The problem
Repeat every entry exactly as it stands. Omit the images.

Extracted records
──────────

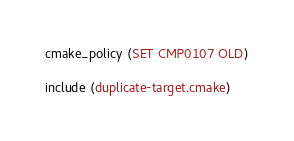<code> <loc_0><loc_0><loc_500><loc_500><_CMake_>
cmake_policy (SET CMP0107 OLD)

include (duplicate-target.cmake)
</code> 
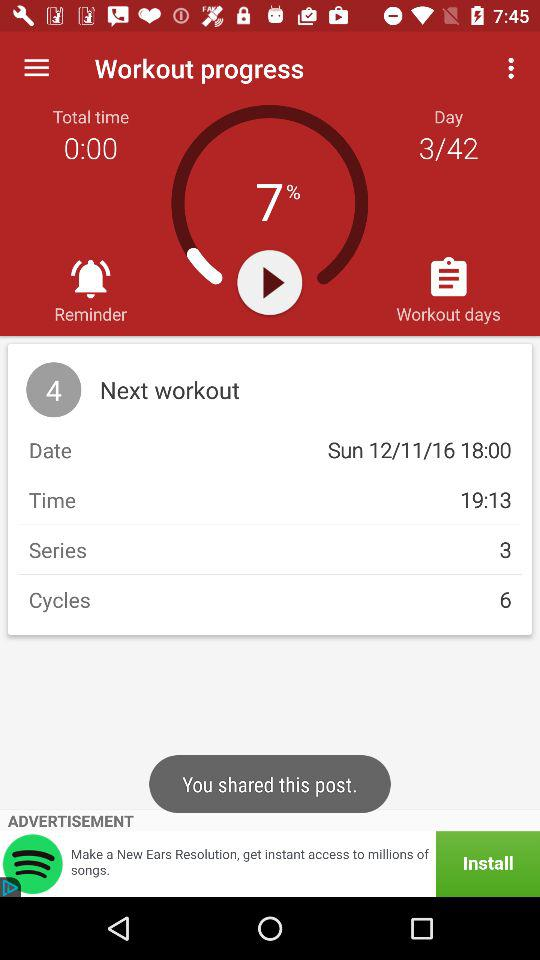How many series are there for the next workout? There are 3 series. 
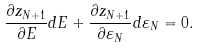<formula> <loc_0><loc_0><loc_500><loc_500>\frac { \partial z _ { N + 1 } } { \partial E } d E + \frac { \partial z _ { N + 1 } } { \partial \varepsilon _ { N } } d \varepsilon _ { N } = 0 .</formula> 
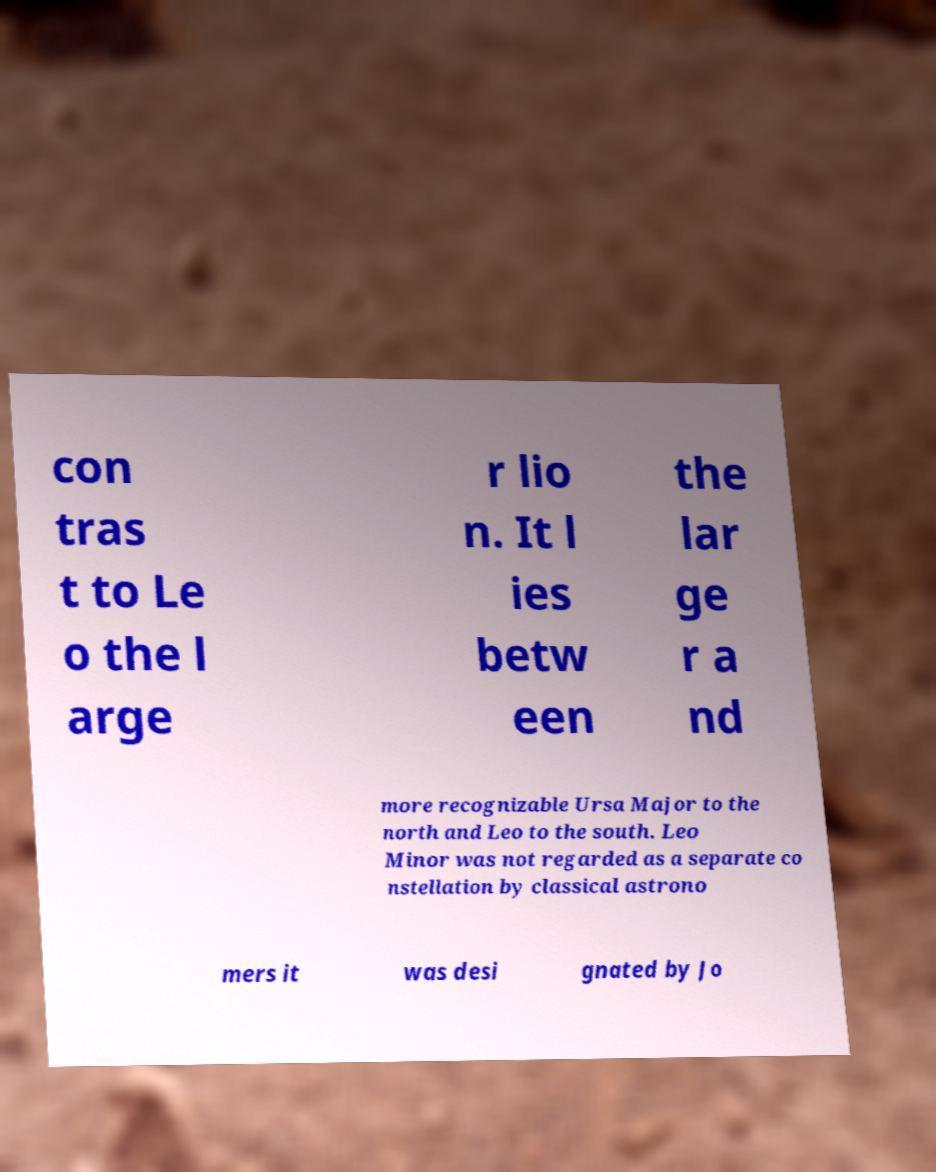Could you extract and type out the text from this image? con tras t to Le o the l arge r lio n. It l ies betw een the lar ge r a nd more recognizable Ursa Major to the north and Leo to the south. Leo Minor was not regarded as a separate co nstellation by classical astrono mers it was desi gnated by Jo 
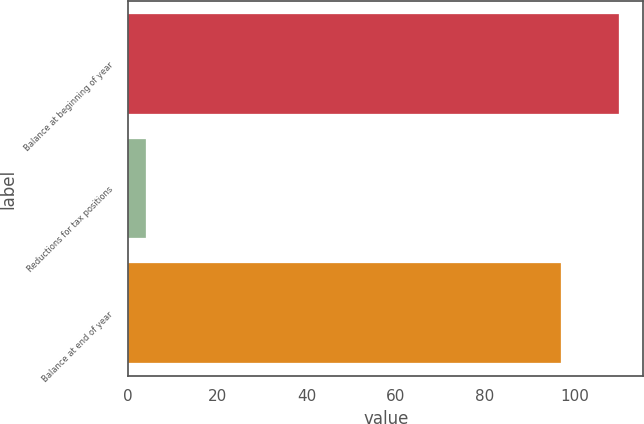<chart> <loc_0><loc_0><loc_500><loc_500><bar_chart><fcel>Balance at beginning of year<fcel>Reductions for tax positions<fcel>Balance at end of year<nl><fcel>110<fcel>4<fcel>97<nl></chart>

──────────

Written reply
<code> <loc_0><loc_0><loc_500><loc_500><_CMake_>
cmake_policy (SET CMP0107 OLD)

include (duplicate-target.cmake)
</code> 
How many series are there for the next workout? There are 3 series. 
<formula> <loc_0><loc_0><loc_500><loc_500>\frac { \partial z _ { N + 1 } } { \partial E } d E + \frac { \partial z _ { N + 1 } } { \partial \varepsilon _ { N } } d \varepsilon _ { N } = 0 .</formula> 
Could you extract and type out the text from this image? con tras t to Le o the l arge r lio n. It l ies betw een the lar ge r a nd more recognizable Ursa Major to the north and Leo to the south. Leo Minor was not regarded as a separate co nstellation by classical astrono mers it was desi gnated by Jo 
<chart> <loc_0><loc_0><loc_500><loc_500><bar_chart><fcel>Balance at beginning of year<fcel>Reductions for tax positions<fcel>Balance at end of year<nl><fcel>110<fcel>4<fcel>97<nl></chart>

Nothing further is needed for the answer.